Novel biomechanical quantification methodology for lumbar intraforaminal spinal nerve adhesion in a laminectomy and disc injury rat model

Abstract

Spinal nerve fibrosis following injury or surgical intervention may play an important role in the pathophysiology of chronic back pain. In this current study, we demonstrate the role of biomechanical quantification of lumbar intraforaminal spinal nerve adhesion and tethering in the analysis of the post-laminectomy condition and describe a direct methodology to make this measurement. Twenty age-matched Sprague–Dawley male rats were divided into operative and non-operative (control) groups. Operative animals underwent a bilateral L5-L6 laminectomy with right-side L5-6 disc injury, a post-laminectomy pain model previously published by this lab.
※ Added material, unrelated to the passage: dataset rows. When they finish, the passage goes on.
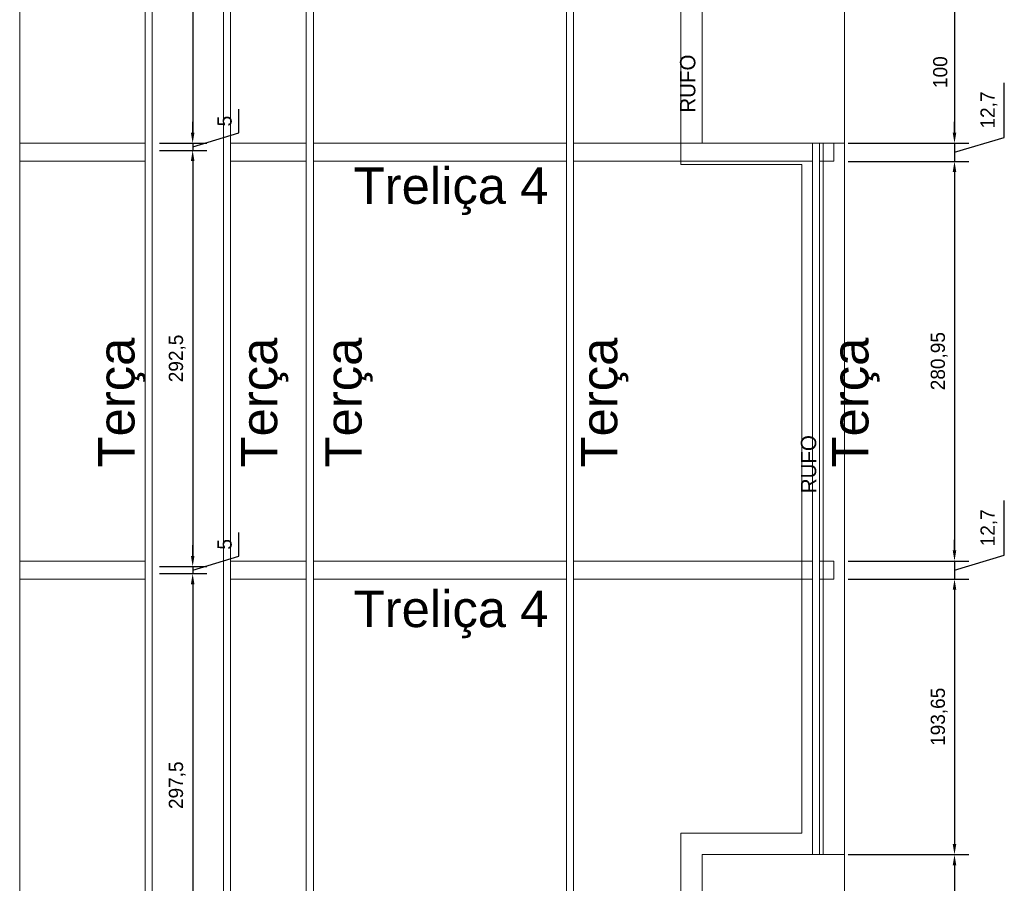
# Model space of a CAD drawing. Header units: millimetres. Extents: x -125 to 300, y 6 to 90.
# Tile 5 of 132: x -103 to -89, y 50 to 62. Entities that reach past the tile are written whole.
import ezdxf

# ---------------------------------------------------------------- set-up
doc = ezdxf.new("R2010")
doc.units = ezdxf.units.MM
for name, color, linetype, lineweight in [('ARQUITETURA', 252, 'Continuous', 18), ('COTAS', 7, 'Continuous', 9), ('Nomenclatura', 90, 'Continuous', 9), ('PERFIS METÁLICOS', 2, 'Continuous', 0), ('TERÇAS', 10, 'Continuous', 0)]:
    doc.layers.add(name, color=color, linetype=linetype, lineweight=lineweight)
doc.styles.add('ARIAL', font='arial.ttf')
doc.styles.add('Century Gothic_2', font='GOTHIC.TTF', dxfattribs={"height": 0.107783})
doc.dimstyles.new('ISO-50', dxfattribs={"dimtxt": 0.2, "dimasz": 0.15, "dimexe": 0.2, "dimexo": 0.2, "dimgap": 0.1, "dimtad": 1, "dimlfac": 50, "dimtxsty": 'Standard', "dimcen": 0.15, "dimclrd": 256, "dimadec": 0, "dimazin": 0, "dimtfac": 1, "dimtmove": 0, "dimatfit": 3, "dimfxl": 0, "dimarcsym": 0})

# ---------------------------------------------------------------- blocks, each defined once
blk = doc.blocks.new('*D21')
at = {"layer": 'COTAS', "color": 0, "lineweight": -2, "transparency": 16777216}
for p, q in [((-100.698, 66.68), (-100.03, 66.68)), ((-100.698, 60.73), (-100.03, 60.73))]:
    blk.add_line(p, q, dxfattribs=at)
at = {"layer": 'COTAS', "lineweight": -2, "transparency": 16777216}
blk.add_line((-100.23, 66.53), (-100.23, 60.88), dxfattribs=at)
at = {"layer": 'COTAS', "transparency": 16777216}
for points in [[(-100.255, 66.53), (-100.205, 66.53), (-100.23, 66.68)], [(-100.255, 60.88), (-100.205, 60.88), (-100.23, 60.73)]]:
    blk.add_solid(points, dxfattribs=at)
at = {"layer": 'Defpoints', "color": 0, "transparency": 16777216}
for p in [(-100.898, 66.68), (-100.898, 60.73), (-100.23, 60.73)]:
    blk.add_point(p, dxfattribs=at)
at = {"layer": 'COTAS', "color": 0, "transparency": 16777216, "insert": (-100.447, 63.705), "char_height": 0.2, "attachment_point": 5, "rotation": 90}
blk.add_mtext('297,5', dxfattribs=at)
blk = doc.blocks.new('*D22')
at = {"layer": 'COTAS', "lineweight": -2, "transparency": 16777216}
for p, q in [((-99.58, 60.875), (-99.58, 61.209)), ((-100.23, 60.88), (-100.23, 61.03)), ((-100.23, 60.68), (-99.58, 60.875)), ((-100.23, 60.73), (-100.23, 60.63)), ((-100.23, 60.73), (-100.23, 60.63)), ((-100.23, 60.48), (-100.23, 60.33))]:
    blk.add_line(p, q, dxfattribs=at)
at = {"layer": 'COTAS', "color": 0, "lineweight": -2, "transparency": 16777216}
for p, q in [((-100.698, 60.73), (-100.03, 60.73)), ((-100.698, 60.63), (-100.03, 60.63))]:
    blk.add_line(p, q, dxfattribs=at)
at = {"layer": 'COTAS', "transparency": 16777216}
for points in [[(-100.255, 60.88), (-100.205, 60.88), (-100.23, 60.73)], [(-100.255, 60.48), (-100.205, 60.48), (-100.23, 60.63)]]:
    blk.add_solid(points, dxfattribs=at)
at = {"layer": 'Defpoints', "color": 0, "transparency": 16777216}
for p in [(-100.898, 60.73), (-100.898, 60.63), (-100.23, 60.63)]:
    blk.add_point(p, dxfattribs=at)
at = {"layer": 'COTAS', "color": 0, "transparency": 16777216, "insert": (-99.78, 61.042), "char_height": 0.2, "attachment_point": 5, "rotation": 90}
blk.add_mtext('5', dxfattribs=at)
blk = doc.blocks.new('*D23')
at = {"layer": 'COTAS', "color": 0, "lineweight": -2, "transparency": 16777216}
for p, q in [((-100.698, 60.63), (-100.03, 60.63)), ((-100.698, 54.78), (-100.03, 54.78))]:
    blk.add_line(p, q, dxfattribs=at)
at = {"layer": 'COTAS', "lineweight": -2, "transparency": 16777216}
blk.add_line((-100.23, 60.48), (-100.23, 54.93), dxfattribs=at)
at = {"layer": 'COTAS', "transparency": 16777216}
for points in [[(-100.255, 60.48), (-100.205, 60.48), (-100.23, 60.63)], [(-100.255, 54.93), (-100.205, 54.93), (-100.23, 54.78)]]:
    blk.add_solid(points, dxfattribs=at)
at = {"layer": 'Defpoints', "color": 0, "transparency": 16777216}
for p in [(-100.898, 60.63), (-100.898, 54.78), (-100.23, 54.78)]:
    blk.add_point(p, dxfattribs=at)
at = {"layer": 'COTAS', "color": 0, "transparency": 16777216, "insert": (-100.447, 57.705), "char_height": 0.2, "attachment_point": 5, "rotation": 90}
blk.add_mtext('292,5', dxfattribs=at)
blk = doc.blocks.new('*D24')
at = {"layer": 'COTAS', "lineweight": -2, "transparency": 16777216}
for p, q in [((-99.58, 54.925), (-99.58, 55.259)), ((-100.23, 54.93), (-100.23, 55.08)), ((-100.23, 54.73), (-99.58, 54.925)), ((-100.23, 54.78), (-100.23, 54.68)), ((-100.23, 54.78), (-100.23, 54.68)), ((-100.23, 54.53), (-100.23, 54.38))]:
    blk.add_line(p, q, dxfattribs=at)
at = {"layer": 'COTAS', "color": 0, "lineweight": -2, "transparency": 16777216}
for p, q in [((-100.698, 54.78), (-100.03, 54.78)), ((-100.698, 54.68), (-100.03, 54.68))]:
    blk.add_line(p, q, dxfattribs=at)
at = {"layer": 'COTAS', "transparency": 16777216}
for points in [[(-100.255, 54.93), (-100.205, 54.93), (-100.23, 54.78)], [(-100.255, 54.53), (-100.205, 54.53), (-100.23, 54.68)]]:
    blk.add_solid(points, dxfattribs=at)
at = {"layer": 'Defpoints', "color": 0, "transparency": 16777216}
for p in [(-100.898, 54.78), (-100.898, 54.68), (-100.23, 54.68)]:
    blk.add_point(p, dxfattribs=at)
at = {"layer": 'COTAS', "color": 0, "transparency": 16777216, "insert": (-99.78, 55.092), "char_height": 0.2, "attachment_point": 5, "rotation": 90}
blk.add_mtext('5', dxfattribs=at)
blk = doc.blocks.new('*D25')
at = {"layer": 'COTAS', "color": 0, "lineweight": -2, "transparency": 16777216}
for p, q in [((-100.698, 54.68), (-100.03, 54.68)), ((-100.698, 48.73), (-100.03, 48.73))]:
    blk.add_line(p, q, dxfattribs=at)
at = {"layer": 'COTAS', "lineweight": -2, "transparency": 16777216}
blk.add_line((-100.23, 54.53), (-100.23, 48.88), dxfattribs=at)
at = {"layer": 'COTAS', "transparency": 16777216}
for points in [[(-100.255, 54.53), (-100.205, 54.53), (-100.23, 54.68)], [(-100.255, 48.88), (-100.205, 48.88), (-100.23, 48.73)]]:
    blk.add_solid(points, dxfattribs=at)
at = {"layer": 'Defpoints', "color": 0, "transparency": 16777216}
for p in [(-100.898, 54.68), (-100.898, 48.73), (-100.23, 48.73)]:
    blk.add_point(p, dxfattribs=at)
at = {"layer": 'COTAS', "color": 0, "transparency": 16777216, "insert": (-100.447, 51.705), "char_height": 0.2, "attachment_point": 5, "rotation": 90}
blk.add_mtext('297,5', dxfattribs=at)
blk = doc.blocks.new('*D357')
at = {"layer": 'COTAS', "color": 0, "lineweight": -2, "transparency": 16777216}
for p, q in [((-91.013, 62.73), (-89.315, 62.73)), ((-91.013, 60.73), (-89.315, 60.73))]:
    blk.add_line(p, q, dxfattribs=at)
at = {"layer": 'COTAS', "lineweight": -2, "transparency": 16777216}
blk.add_line((-89.515, 62.58), (-89.515, 60.88), dxfattribs=at)
at = {"layer": 'COTAS', "transparency": 16777216}
for points in [[(-89.54, 62.58), (-89.49, 62.58), (-89.515, 62.73)], [(-89.54, 60.88), (-89.49, 60.88), (-89.515, 60.73)]]:
    blk.add_solid(points, dxfattribs=at)
at = {"layer": 'Defpoints', "color": 0, "transparency": 16777216}
for p in [(-91.213, 62.73), (-91.213, 60.73), (-89.515, 60.73)]:
    blk.add_point(p, dxfattribs=at)
at = {"layer": 'COTAS', "color": 0, "transparency": 16777216, "insert": (-89.715, 61.73), "char_height": 0.2, "attachment_point": 5, "rotation": 90}
blk.add_mtext('100', dxfattribs=at)
blk = doc.blocks.new('*D358')
at = {"layer": 'COTAS', "lineweight": -2, "transparency": 16777216}
for p, q in [((-88.815, 60.813), (-88.815, 61.58)), ((-89.515, 60.88), (-89.515, 61.03)), ((-89.515, 60.603), (-88.815, 60.813)), ((-89.515, 60.73), (-89.515, 60.476)), ((-89.515, 60.73), (-89.515, 60.476)), ((-89.515, 60.326), (-89.515, 60.176))]:
    blk.add_line(p, q, dxfattribs=at)
at = {"layer": 'COTAS', "color": 0, "lineweight": -2, "transparency": 16777216}
for p, q in [((-91.013, 60.73), (-89.315, 60.73)), ((-91.013, 60.476), (-89.315, 60.476))]:
    blk.add_line(p, q, dxfattribs=at)
at = {"layer": 'COTAS', "transparency": 16777216}
for points in [[(-89.54, 60.88), (-89.49, 60.88), (-89.515, 60.73)], [(-89.54, 60.326), (-89.49, 60.326), (-89.515, 60.476)]]:
    blk.add_solid(points, dxfattribs=at)
at = {"layer": 'Defpoints', "color": 0, "transparency": 16777216}
for p in [(-91.213, 60.73), (-91.213, 60.476), (-89.515, 60.476)]:
    blk.add_point(p, dxfattribs=at)
at = {"layer": 'COTAS', "color": 0, "transparency": 16777216, "insert": (-89.031, 61.197), "char_height": 0.2, "attachment_point": 5, "rotation": 90}
blk.add_mtext('12,7', dxfattribs=at)
blk = doc.blocks.new('*D359')
at = {"layer": 'COTAS', "color": 0, "lineweight": -2, "transparency": 16777216}
for p, q in [((-91.013, 60.476), (-89.315, 60.476)), ((-91.013, 54.857), (-89.315, 54.857))]:
    blk.add_line(p, q, dxfattribs=at)
at = {"layer": 'COTAS', "lineweight": -2, "transparency": 16777216}
blk.add_line((-89.515, 60.326), (-89.515, 55.007), dxfattribs=at)
at = {"layer": 'COTAS', "transparency": 16777216}
for points in [[(-89.54, 60.326), (-89.49, 60.326), (-89.515, 60.476)], [(-89.54, 55.007), (-89.49, 55.007), (-89.515, 54.857)]]:
    blk.add_solid(points, dxfattribs=at)
at = {"layer": 'Defpoints', "color": 0, "transparency": 16777216}
for p in [(-91.213, 60.476), (-91.213, 54.857), (-89.515, 54.857)]:
    blk.add_point(p, dxfattribs=at)
at = {"layer": 'COTAS', "color": 0, "transparency": 16777216, "insert": (-89.731, 57.667), "char_height": 0.2, "attachment_point": 5, "rotation": 90}
blk.add_mtext('280,95', dxfattribs=at)
blk = doc.blocks.new('*D360')
at = {"layer": 'COTAS', "lineweight": -2, "transparency": 16777216}
for p, q in [((-88.815, 54.94), (-88.815, 55.707)), ((-89.515, 55.007), (-89.515, 55.157)), ((-89.515, 54.73), (-88.815, 54.94)), ((-89.515, 54.857), (-89.515, 54.603)), ((-89.515, 54.857), (-89.515, 54.603)), ((-89.515, 54.453), (-89.515, 54.303))]:
    blk.add_line(p, q, dxfattribs=at)
at = {"layer": 'COTAS', "color": 0, "lineweight": -2, "transparency": 16777216}
for p, q in [((-91.013, 54.857), (-89.315, 54.857)), ((-91.013, 54.603), (-89.315, 54.603))]:
    blk.add_line(p, q, dxfattribs=at)
at = {"layer": 'COTAS', "transparency": 16777216}
for points in [[(-89.54, 55.007), (-89.49, 55.007), (-89.515, 54.857)], [(-89.54, 54.453), (-89.49, 54.453), (-89.515, 54.603)]]:
    blk.add_solid(points, dxfattribs=at)
at = {"layer": 'Defpoints', "color": 0, "transparency": 16777216}
for p in [(-91.213, 54.857), (-91.213, 54.603), (-89.515, 54.603)]:
    blk.add_point(p, dxfattribs=at)
at = {"layer": 'COTAS', "color": 0, "transparency": 16777216, "insert": (-89.031, 55.324), "char_height": 0.2, "attachment_point": 5, "rotation": 90}
blk.add_mtext('12,7', dxfattribs=at)
blk = doc.blocks.new('*D361')
at = {"layer": 'COTAS', "color": 0, "lineweight": -2, "transparency": 16777216}
for p, q in [((-91.013, 54.603), (-89.315, 54.603)), ((-91.013, 50.73), (-89.315, 50.73))]:
    blk.add_line(p, q, dxfattribs=at)
at = {"layer": 'COTAS', "lineweight": -2, "transparency": 16777216}
blk.add_line((-89.515, 54.453), (-89.515, 50.88), dxfattribs=at)
at = {"layer": 'COTAS', "transparency": 16777216}
for points in [[(-89.54, 54.453), (-89.49, 54.453), (-89.515, 54.603)], [(-89.54, 50.88), (-89.49, 50.88), (-89.515, 50.73)]]:
    blk.add_solid(points, dxfattribs=at)
at = {"layer": 'Defpoints', "color": 0, "transparency": 16777216}
for p in [(-91.213, 54.603), (-91.213, 50.73), (-89.515, 50.73)]:
    blk.add_point(p, dxfattribs=at)
at = {"layer": 'COTAS', "color": 0, "transparency": 16777216, "insert": (-89.731, 52.667), "char_height": 0.2, "attachment_point": 5, "rotation": 90}
blk.add_mtext('193,65', dxfattribs=at)
blk = doc.blocks.new('*D362')
at = {"layer": 'COTAS', "color": 0, "lineweight": -2, "transparency": 16777216}
for p, q in [((-91.013, 50.73), (-89.315, 50.73)), ((-91.013, 48.73), (-89.315, 48.73))]:
    blk.add_line(p, q, dxfattribs=at)
at = {"layer": 'COTAS', "lineweight": -2, "transparency": 16777216}
blk.add_line((-89.515, 50.58), (-89.515, 48.88), dxfattribs=at)
at = {"layer": 'COTAS', "transparency": 16777216}
for points in [[(-89.54, 50.58), (-89.49, 50.58), (-89.515, 50.73)], [(-89.54, 48.88), (-89.49, 48.88), (-89.515, 48.73)]]:
    blk.add_solid(points, dxfattribs=at)
at = {"layer": 'Defpoints', "color": 0, "transparency": 16777216}
for p in [(-91.213, 50.73), (-91.213, 48.73), (-89.515, 48.73)]:
    blk.add_point(p, dxfattribs=at)
at = {"layer": 'COTAS', "color": 0, "transparency": 16777216, "insert": (-89.715, 49.73), "char_height": 0.2, "attachment_point": 5, "rotation": 90}
blk.add_mtext('100', dxfattribs=at)

msp = doc.modelspace()

# ---------------------------------------------------------------- linework, layer by layer
at = {"layer": 'ARQUITETURA'}
for p, q in [((-93.36295, 63.03032), (-93.36295, 60.43032)), ((-93.06295, 60.73032), (-93.06295, 62.73032)), ((-93.06295, 60.73032), (-93.06295, 62.73032)), ((-91.06295, 62.73032), (-91.06295, 60.73032)), ((-91.36295, 60.73032), (-93.06295, 60.73032)), ((-91.06295, 60.73032), (-93.06295, 60.73032)), ((-91.36295, 50.73032), (-91.36295, 60.73032)), ((-91.06295, 60.73032), (-91.06295, 50.73032)), ((-93.36295, 60.43032), (-91.66295, 60.43032)), ((-91.66295, 60.43032), (-91.66295, 51.03032)), ((-93.36295, 51.03032), (-93.36295, 48.43032)), ((-93.36295, 51.03032), (-91.66295, 51.03032)), ((-93.06295, 48.73032), (-93.06295, 50.73032)), ((-93.06295, 50.73032), (-91.36295, 50.73032)), ((-93.06295, 50.73032), (-91.06295, 50.73032)), ((-93.06295, 48.73032), (-93.06295, 50.73032)), ((-91.06295, 50.73032), (-91.06295, 48.73032))]:
    msp.add_line(p, q, dxfattribs=at)
at = {"layer": 'PERFIS METÁLICOS'}
for p, q in [((-100.89795, 60.73032), (-102.66295, 60.73032)), ((-99.69795, 60.73032), (-98.63295, 60.73032)), ((-98.53295, 60.73032), (-94.97295, 60.73032)), ((-94.87295, 60.73032), (-91.21295, 60.73032)), ((-91.21295, 60.47632), (-91.21295, 60.73032)), ((-100.89795, 60.47632), (-102.66295, 60.47632)), ((-99.69795, 60.47632), (-98.63295, 60.47632)), ((-98.53295, 60.47632), (-94.97295, 60.47632)), ((-94.87295, 60.47632), (-91.51295, 60.47632)), ((-91.41295, 60.47632), (-91.21295, 60.47632)), ((-102.66295, 54.85732), (-100.89795, 54.85732)), ((-99.69795, 54.85732), (-98.63295, 54.85732)), ((-98.53295, 54.85732), (-94.97295, 54.85732)), ((-94.87295, 54.85732), (-91.51295, 54.85732)), ((-91.41295, 54.85732), (-91.21295, 54.85732)), ((-91.21295, 54.60332), (-91.21295, 54.85732)), ((-102.66295, 54.60332), (-100.89795, 54.60332)), ((-99.69795, 54.60332), (-98.63295, 54.60332)), ((-98.53295, 54.60332), (-94.97295, 54.60332)), ((-94.87295, 54.60332), (-91.51295, 54.60332)), ((-91.41295, 54.60332), (-91.21295, 54.60332))]:
    msp.add_line(p, q, dxfattribs=at)
at = {"layer": 'TERÇAS'}
for p, q in [((-102.66295, 14.05016), (-102.66295, 74.13032)), ((-100.89795, 14.05016), (-100.89795, 74.13032)), ((-100.79795, 14.05016), (-100.79795, 74.13032)), ((-99.79795, 14.05016), (-99.79795, 74.13032)), ((-99.69795, 14.05016), (-99.69795, 74.13032)), ((-98.63295, 14.05016), (-98.63295, 74.13032)), ((-98.53295, 14.05016), (-98.53295, 74.13032)), ((-94.97295, 14.05016), (-94.97295, 74.13032)), ((-94.87295, 14.05016), (-94.87295, 74.13032)), ((-91.51295, 50.73032), (-91.51295, 60.73032)), ((-91.51295, 60.73032), (-91.41295, 60.73032)), ((-91.41295, 50.73032), (-91.41295, 60.73032)), ((-91.51295, 50.73032), (-91.41295, 50.73032))]:
    msp.add_line(p, q, dxfattribs=at)

# ---------------------------------------------------------------- texts
at = {"layer": 'ARQUITETURA', "char_height": 0.215567, "width": 0.9261, "attachment_point": 1, "rotation": 90, "line_spacing_factor": 0.984117, "style": 'Century Gothic_2'}
for insert in [(-93.37571, 61.16044), (-91.67571, 55.81044)]:
    msp.add_mtext('RUFO', dxfattribs=dict(at, insert=insert))
at = {"layer": 'Nomenclatura', "char_height": 0.5113278, "width": 22.1468295, "attachment_point": 1, "style": 'ARIAL'}
for insert in [(-97.96534, 60.38945), (-97.96534, 54.43945)]:
    msp.add_mtext('{\\f@Arial Unicode MS|b0|i0|c0|p34;Treliça 4}', dxfattribs=dict(at, insert=insert))
at = {"layer": 'Nomenclatura', "char_height": 0.5113278, "width": 22.1468295, "attachment_point": 1, "rotation": 90, "style": 'ARIAL'}
for insert in [(-101.5595, 56.17182), (-99.55254, 56.17182), (-98.36509, 56.17182), (-94.76929, 56.17182), (-91.23675, 56.17182)]:
    msp.add_mtext('{\\f@Arial Unicode MS|b0|i0|c0|p34;Terça}', dxfattribs=dict(at, insert=insert))

# ---------------------------------------------------------------- dimensions: what is measured, and where the dimension line sits
at = {"layer": 'COTAS'}
for base, p1, p2, picture, middle in [((-100.23046, 60.73032), (-100.89795, 66.68032), (-100.89795, 60.73032), '*D21', (-100.44713, 63.70532)), ((-89.51465, 60.73032), (-91.21295, 62.73032), (-91.21295, 60.73032), '*D357', (-89.71465, 61.73032)), ((-89.51465, 60.47632), (-91.21295, 60.73032), (-91.21295, 60.47632), '*D358', (-89.03132, 60.91332)), ((-100.23046, 60.63032), (-100.89795, 60.73032), (-100.89795, 60.63032), '*D22', (-99.78046, 60.97532)), ((-100.23046, 54.78032), (-100.89795, 60.63032), (-100.89795, 54.78032), '*D23', (-100.44713, 57.70532)), ((-89.51465, 54.85732), (-91.21295, 60.47632), (-91.21295, 54.85732), '*D359', (-89.73132, 57.66682)), ((-89.51465, 54.60332), (-91.21295, 54.85732), (-91.21295, 54.60332), '*D360', (-89.03132, 55.04032)), ((-100.23046, 54.68032), (-100.89795, 54.78032), (-100.89795, 54.68032), '*D24', (-99.78046, 55.02532)), ((-100.23046, 48.73032), (-100.89795, 54.68032), (-100.89795, 48.73032), '*D25', (-100.44713, 51.70532)), ((-89.51465, 50.73032), (-91.21295, 54.60332), (-91.21295, 50.73032), '*D361', (-89.73132, 52.66682)), ((-89.51465, 48.73032), (-91.21295, 50.73032), (-91.21295, 48.73032), '*D362', (-89.71465, 49.73032))]:
    dim = msp.add_linear_dim(base=base, p1=p1, p2=p2, angle=90, dimstyle='ISO-50', override={"dimtmove": 1}, dxfattribs=at)
    dim.commit()
    dim.dimension.update_dxf_attribs({"geometry": picture, "text_midpoint": middle})

doc.saveas('drawing.dxf')

At eight weeks, animals were sacrificed and the strength of adhesion of the L5 intraforaminal spinal nerve to surrounding structures was quantified using a novel biomechanical methodology. Operative animals were found to have a significantly greater load to displace the intact right L5 spinal nerve through the intervertebral foramen when compared to control animals. The findings show that the post-laminectomy condition creates quantifiable fibrosis of the spinal nerve to surrounding structures and supports the conclusion that this fibrosis may play a role in the post-laminectomy pain syndrome.